- Digital cover

Single album by Riize
- Released: November 24, 2025
- Studio: SM Azure (Seoul); SM Dorii (Seoul); SM Droplet (Seoul); Sound Pool (Seoul);
- Length: 8:39
- Language: Korean; English;
- Label: SM; Kakao; RCA;
- Producer: Elijah Waters; Josef Lamercier; Luke Titus; Mike Irish; Haring (MonoTree); Tim Tan;

Riize chronology
| Odyssey (2025) | Fame (2025) | II (2026) |

Singles from Fame
- "Fame" Released: November 24, 2025;

= Fame (single album) =

Fame is the second single album by South Korean boy group Riize. It was released by SM Entertainment on November 24, 2025, and contains three tracks, including the lead single with the same name.

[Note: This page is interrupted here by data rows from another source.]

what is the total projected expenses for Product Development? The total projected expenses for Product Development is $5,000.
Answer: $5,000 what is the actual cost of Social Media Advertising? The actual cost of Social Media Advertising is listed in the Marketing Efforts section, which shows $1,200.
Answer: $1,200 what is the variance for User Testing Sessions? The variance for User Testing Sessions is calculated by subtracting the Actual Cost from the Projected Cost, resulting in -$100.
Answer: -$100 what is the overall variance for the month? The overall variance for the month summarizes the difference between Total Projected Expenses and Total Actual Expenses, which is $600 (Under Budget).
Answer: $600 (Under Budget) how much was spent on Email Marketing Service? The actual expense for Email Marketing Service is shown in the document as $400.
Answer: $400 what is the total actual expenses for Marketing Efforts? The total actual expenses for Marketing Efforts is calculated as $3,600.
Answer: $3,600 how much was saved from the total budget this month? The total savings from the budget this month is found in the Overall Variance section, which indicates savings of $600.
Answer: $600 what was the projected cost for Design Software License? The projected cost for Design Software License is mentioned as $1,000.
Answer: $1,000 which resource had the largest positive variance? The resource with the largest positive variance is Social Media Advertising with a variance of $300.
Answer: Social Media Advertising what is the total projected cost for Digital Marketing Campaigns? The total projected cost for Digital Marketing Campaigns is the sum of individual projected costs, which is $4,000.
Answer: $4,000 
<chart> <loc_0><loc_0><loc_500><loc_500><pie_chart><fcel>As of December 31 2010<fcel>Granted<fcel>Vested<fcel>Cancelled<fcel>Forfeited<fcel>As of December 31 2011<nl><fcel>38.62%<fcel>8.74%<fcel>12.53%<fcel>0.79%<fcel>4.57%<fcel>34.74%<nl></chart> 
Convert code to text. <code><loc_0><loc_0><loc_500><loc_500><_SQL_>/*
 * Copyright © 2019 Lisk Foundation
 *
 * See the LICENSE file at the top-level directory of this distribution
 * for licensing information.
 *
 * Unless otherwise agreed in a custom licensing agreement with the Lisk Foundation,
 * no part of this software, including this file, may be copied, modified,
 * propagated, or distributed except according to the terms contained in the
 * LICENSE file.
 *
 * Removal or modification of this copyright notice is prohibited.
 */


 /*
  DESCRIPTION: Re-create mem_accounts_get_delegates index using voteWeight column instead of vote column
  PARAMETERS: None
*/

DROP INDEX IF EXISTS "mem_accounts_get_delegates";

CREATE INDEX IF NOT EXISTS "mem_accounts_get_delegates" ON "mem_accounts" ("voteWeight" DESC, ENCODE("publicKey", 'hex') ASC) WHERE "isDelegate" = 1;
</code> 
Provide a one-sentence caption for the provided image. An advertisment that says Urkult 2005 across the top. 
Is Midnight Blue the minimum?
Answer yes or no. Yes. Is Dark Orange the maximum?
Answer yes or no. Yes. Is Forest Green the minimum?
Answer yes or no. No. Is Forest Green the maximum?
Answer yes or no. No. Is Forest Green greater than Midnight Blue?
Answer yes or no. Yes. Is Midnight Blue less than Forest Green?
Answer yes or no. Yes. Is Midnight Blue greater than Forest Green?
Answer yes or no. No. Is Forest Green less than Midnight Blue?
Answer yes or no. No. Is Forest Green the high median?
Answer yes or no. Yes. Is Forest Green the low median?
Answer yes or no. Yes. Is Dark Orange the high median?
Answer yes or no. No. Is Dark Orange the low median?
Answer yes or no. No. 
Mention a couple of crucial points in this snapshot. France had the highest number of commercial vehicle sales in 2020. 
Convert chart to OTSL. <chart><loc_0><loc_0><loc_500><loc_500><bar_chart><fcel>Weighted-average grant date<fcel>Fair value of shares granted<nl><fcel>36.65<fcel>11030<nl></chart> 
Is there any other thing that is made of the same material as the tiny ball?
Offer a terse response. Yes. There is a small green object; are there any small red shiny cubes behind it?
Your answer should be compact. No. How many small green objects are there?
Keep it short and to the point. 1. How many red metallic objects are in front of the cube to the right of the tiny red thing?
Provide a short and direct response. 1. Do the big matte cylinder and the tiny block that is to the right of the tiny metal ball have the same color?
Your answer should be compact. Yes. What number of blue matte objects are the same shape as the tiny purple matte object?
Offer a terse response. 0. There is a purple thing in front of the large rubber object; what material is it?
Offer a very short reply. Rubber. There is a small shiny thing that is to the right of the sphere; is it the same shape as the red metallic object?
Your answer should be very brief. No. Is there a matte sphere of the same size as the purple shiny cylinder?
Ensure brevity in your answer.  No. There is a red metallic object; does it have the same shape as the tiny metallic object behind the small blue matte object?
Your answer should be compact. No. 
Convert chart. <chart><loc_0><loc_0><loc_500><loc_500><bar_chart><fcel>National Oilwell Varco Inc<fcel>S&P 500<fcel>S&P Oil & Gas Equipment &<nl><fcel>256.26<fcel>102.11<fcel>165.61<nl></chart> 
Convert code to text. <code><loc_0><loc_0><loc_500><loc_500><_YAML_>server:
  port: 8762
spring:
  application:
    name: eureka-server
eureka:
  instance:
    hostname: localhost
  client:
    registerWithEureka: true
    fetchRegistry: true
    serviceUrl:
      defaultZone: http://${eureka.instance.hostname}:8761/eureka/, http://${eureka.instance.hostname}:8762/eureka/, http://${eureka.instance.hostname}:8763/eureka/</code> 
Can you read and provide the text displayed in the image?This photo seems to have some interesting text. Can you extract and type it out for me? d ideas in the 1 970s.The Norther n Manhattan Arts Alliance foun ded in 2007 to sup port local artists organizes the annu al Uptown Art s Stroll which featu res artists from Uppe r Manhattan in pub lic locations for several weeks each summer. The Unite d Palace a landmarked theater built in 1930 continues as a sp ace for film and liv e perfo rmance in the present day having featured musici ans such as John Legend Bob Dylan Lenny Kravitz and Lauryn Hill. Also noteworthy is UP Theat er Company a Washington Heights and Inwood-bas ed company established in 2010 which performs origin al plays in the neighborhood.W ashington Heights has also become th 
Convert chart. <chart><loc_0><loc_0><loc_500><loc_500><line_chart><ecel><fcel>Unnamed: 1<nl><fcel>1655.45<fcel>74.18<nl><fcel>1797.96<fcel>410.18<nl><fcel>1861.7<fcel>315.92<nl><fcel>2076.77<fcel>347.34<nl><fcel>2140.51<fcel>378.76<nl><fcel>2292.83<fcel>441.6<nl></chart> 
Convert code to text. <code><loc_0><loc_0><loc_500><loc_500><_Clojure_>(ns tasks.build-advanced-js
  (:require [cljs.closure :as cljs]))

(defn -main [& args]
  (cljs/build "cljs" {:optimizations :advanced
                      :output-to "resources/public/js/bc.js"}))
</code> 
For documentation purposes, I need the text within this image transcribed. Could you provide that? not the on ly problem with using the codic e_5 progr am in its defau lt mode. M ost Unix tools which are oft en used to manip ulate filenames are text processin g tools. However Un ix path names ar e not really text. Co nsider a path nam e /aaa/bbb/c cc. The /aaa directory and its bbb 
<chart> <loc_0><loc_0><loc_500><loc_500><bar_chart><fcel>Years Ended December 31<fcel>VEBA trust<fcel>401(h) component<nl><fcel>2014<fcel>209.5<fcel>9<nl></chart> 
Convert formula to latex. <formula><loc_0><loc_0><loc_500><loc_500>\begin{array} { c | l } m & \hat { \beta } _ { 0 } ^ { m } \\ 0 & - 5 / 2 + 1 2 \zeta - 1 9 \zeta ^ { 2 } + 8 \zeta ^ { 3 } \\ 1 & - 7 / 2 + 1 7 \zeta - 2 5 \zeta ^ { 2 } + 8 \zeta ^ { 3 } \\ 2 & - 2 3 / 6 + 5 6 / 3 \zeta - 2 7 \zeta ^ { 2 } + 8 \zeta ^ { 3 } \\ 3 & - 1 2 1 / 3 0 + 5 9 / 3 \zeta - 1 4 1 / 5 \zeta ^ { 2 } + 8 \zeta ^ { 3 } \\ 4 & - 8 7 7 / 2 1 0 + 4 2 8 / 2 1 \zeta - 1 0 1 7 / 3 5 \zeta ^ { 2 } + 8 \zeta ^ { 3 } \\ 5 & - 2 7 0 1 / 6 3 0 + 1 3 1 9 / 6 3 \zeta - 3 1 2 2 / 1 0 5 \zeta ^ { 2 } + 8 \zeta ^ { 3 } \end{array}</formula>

==Background and release==
In August 2025, SM Entertainment announced in its roadmap that Riize would make their comeback in the fourth quarter of 2025 with a single album. On November 5, 2025, it was announced that Riize would release their second single album titled Fame on November 25. The album trailer video, alongside promotional dates, was also released on the same day. The tracklist poster was released on November 10.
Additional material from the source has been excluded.